* Instructions for the task
State the number of lines in these records that include the word "butt", and add nothing to it.
*** Block opens ***
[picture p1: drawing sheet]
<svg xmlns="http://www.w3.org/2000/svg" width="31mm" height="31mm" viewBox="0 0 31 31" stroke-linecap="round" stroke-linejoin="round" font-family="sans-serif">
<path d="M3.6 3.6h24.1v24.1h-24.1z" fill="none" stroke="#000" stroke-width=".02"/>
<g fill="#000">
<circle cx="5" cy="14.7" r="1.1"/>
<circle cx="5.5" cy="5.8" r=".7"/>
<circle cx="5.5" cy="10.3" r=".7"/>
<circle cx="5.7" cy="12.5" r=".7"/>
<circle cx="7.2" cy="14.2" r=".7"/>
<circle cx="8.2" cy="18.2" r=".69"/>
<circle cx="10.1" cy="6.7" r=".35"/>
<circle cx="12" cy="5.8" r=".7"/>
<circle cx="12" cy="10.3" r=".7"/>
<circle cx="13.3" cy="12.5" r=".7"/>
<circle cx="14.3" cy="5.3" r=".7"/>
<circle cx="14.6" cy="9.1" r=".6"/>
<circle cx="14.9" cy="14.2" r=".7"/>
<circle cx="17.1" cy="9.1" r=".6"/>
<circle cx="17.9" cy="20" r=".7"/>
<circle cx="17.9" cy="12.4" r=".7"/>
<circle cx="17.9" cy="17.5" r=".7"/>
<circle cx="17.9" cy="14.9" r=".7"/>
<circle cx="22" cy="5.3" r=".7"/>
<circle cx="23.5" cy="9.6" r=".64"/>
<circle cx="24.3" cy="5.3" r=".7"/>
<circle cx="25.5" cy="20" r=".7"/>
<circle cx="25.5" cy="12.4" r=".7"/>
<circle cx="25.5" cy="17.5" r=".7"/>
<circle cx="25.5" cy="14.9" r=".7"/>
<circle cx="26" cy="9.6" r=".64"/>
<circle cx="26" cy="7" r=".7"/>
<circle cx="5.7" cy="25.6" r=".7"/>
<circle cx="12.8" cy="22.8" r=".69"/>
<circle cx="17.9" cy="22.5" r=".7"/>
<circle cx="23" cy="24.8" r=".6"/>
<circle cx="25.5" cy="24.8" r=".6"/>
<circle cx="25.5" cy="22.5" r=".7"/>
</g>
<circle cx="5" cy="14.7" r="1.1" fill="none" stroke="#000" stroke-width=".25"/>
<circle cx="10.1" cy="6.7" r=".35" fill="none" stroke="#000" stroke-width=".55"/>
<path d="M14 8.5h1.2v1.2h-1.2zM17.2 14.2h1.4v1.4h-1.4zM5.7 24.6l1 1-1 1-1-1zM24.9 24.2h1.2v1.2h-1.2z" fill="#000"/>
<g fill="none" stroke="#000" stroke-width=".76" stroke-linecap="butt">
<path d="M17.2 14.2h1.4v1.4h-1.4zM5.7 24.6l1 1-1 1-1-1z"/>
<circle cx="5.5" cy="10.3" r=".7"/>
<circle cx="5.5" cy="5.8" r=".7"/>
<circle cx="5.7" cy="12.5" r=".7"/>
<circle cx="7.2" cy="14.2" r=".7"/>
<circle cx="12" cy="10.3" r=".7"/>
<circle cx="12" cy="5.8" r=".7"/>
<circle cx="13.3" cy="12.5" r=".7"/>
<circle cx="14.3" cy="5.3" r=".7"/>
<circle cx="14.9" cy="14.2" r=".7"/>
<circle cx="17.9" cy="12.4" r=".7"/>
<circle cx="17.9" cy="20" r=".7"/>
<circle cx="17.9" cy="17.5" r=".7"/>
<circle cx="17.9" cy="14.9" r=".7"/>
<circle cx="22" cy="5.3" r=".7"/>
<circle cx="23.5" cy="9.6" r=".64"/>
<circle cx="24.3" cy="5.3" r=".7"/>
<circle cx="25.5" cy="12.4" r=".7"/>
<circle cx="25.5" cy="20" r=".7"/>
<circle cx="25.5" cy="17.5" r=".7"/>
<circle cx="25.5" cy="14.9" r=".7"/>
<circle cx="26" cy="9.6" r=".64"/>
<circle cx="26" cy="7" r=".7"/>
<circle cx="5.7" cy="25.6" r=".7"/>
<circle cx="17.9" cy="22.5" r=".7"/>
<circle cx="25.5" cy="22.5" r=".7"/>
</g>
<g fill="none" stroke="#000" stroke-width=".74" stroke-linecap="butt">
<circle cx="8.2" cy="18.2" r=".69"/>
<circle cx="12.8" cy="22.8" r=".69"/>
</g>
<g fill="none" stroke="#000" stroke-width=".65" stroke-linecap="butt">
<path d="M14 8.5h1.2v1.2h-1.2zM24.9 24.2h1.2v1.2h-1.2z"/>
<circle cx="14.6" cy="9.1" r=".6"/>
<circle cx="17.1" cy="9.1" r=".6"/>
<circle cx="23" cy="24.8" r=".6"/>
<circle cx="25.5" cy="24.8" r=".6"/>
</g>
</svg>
*** Block closes ***
* Written response
3